Earned Value is a very useful project management control tool mandated by many Government agencies in the USA, UK and Australia; and the PMI-CPM is one of the leading international organisations focused on providing a forum for EV practitioners. However, the migration of the EV toolset from carefully controlled major defence projects into the general PM business community is definitely creating issues.

 

The DoD research established ‘CPI stability’ on a large number of military projects. Newer research by Henderson, Zwikael (See the Fall 2008 edition of Measurable News) has found CPI stability is not a ‘given’ and it rarely exists on commercial projects.

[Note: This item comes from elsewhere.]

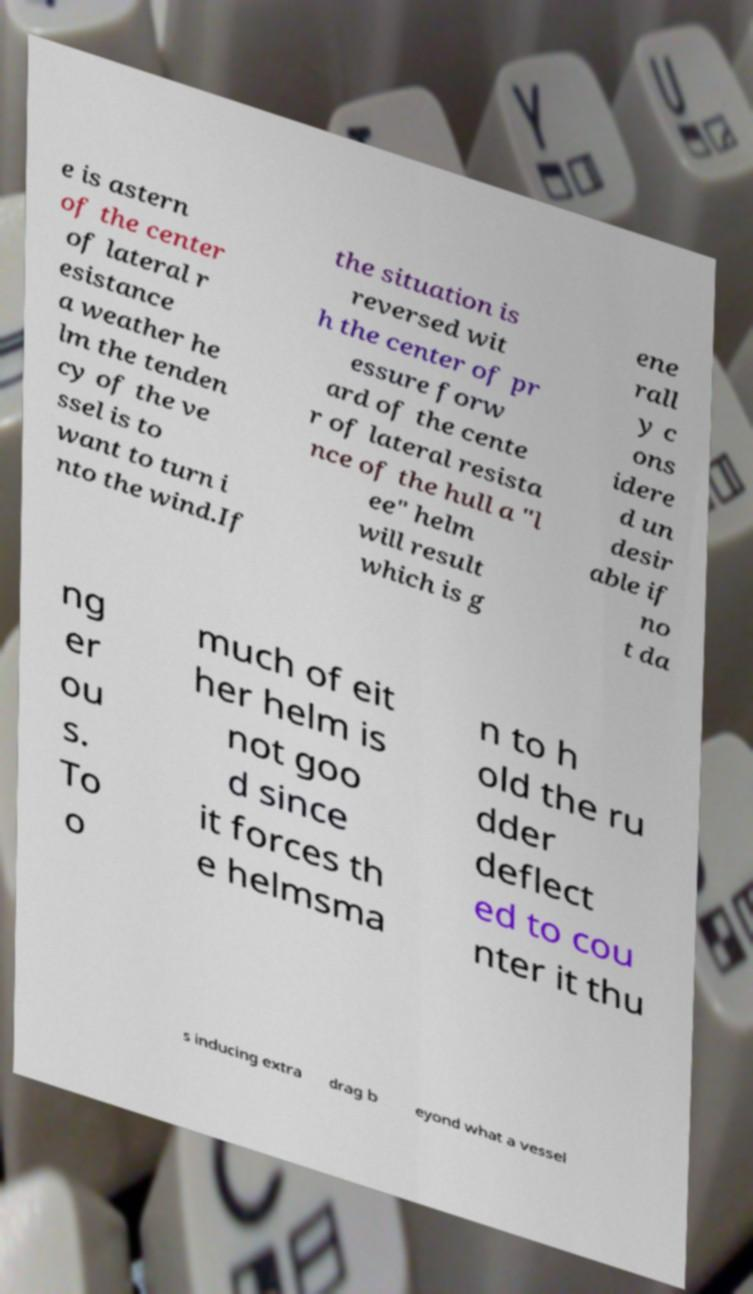What messages or text are displayed in this image? I need them in a readable, typed format. e is astern of the center of lateral r esistance a weather he lm the tenden cy of the ve ssel is to want to turn i nto the wind.If the situation is reversed wit h the center of pr essure forw ard of the cente r of lateral resista nce of the hull a "l ee" helm will result which is g ene rall y c ons idere d un desir able if no t da ng er ou s. To o much of eit her helm is not goo d since it forces th e helmsma n to h old the ru dder deflect ed to cou nter it thu s inducing extra drag b eyond what a vessel 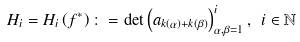<formula> <loc_0><loc_0><loc_500><loc_500>H _ { i } = H _ { i } \left ( f ^ { \ast } \right ) \colon = \det \left ( a _ { k \left ( \alpha \right ) + k ( \beta ) } \right ) _ { \alpha , \beta = 1 } ^ { i } , \ i \in \mathbb { N }</formula> 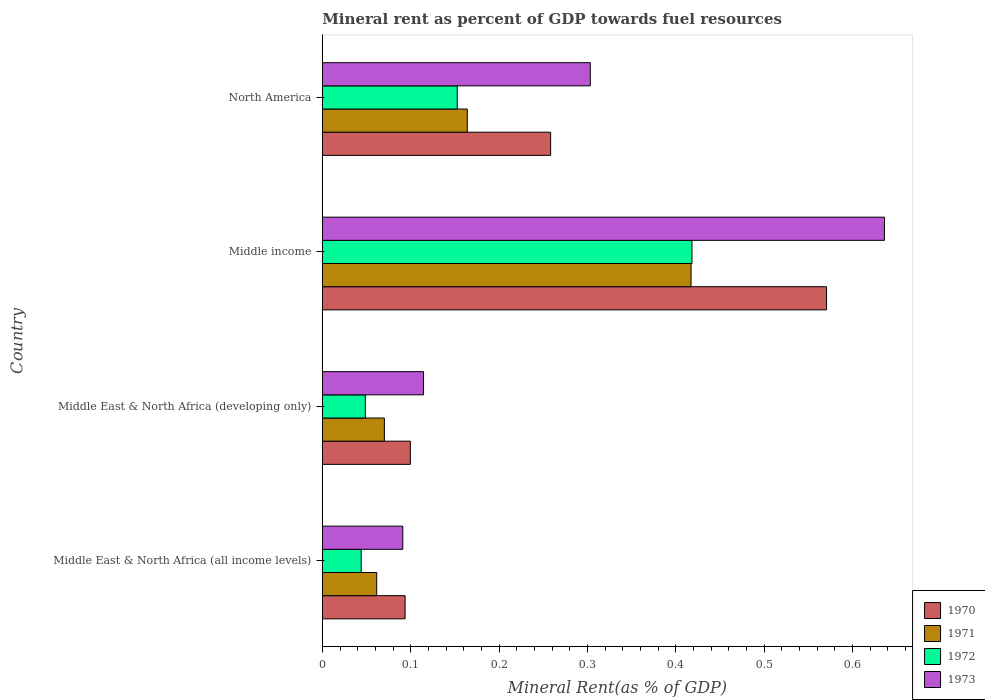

These findings have prompted a very strong response (also in the Fall 2008 Measurable News).

 

Rather than arguing over research findings, I would the next steps should be to start identifying what underlying factors cause stability in the CPI measure as evidenced by the DoD research, determine if the factors are desirable and then find ways to improve project management practice in other industries so that the desirable factors are encouraged.

 

My feeling is that when CPI stability is shown to be established, the ‘CPI Stability’ is a strong indicator of other important (but much harder to measure) factors such as stable management, stable requirements, an efficient management system, effective project culture, etc (many of which are likely to be present in major Defence projects as evidenced by the research undertaken by Christensen).  Conversely, where CPI is unstable, significant changes in the underlying project can be reasonably assumed to be occurring, either at the management level or at the requirements/scope level. These changes may be beneficial or detrimental but are undoubtedly a risk that warrants the attention of senior management.

 

If these feelings are correct, it would also be useful to develop an understanding of the usefulness of CPI instability as a risk indicator (ie, what level of instability indicates a ‘project at risk’).

 

‘Watch this space’ there are likely to be many interesting moves over the next few months!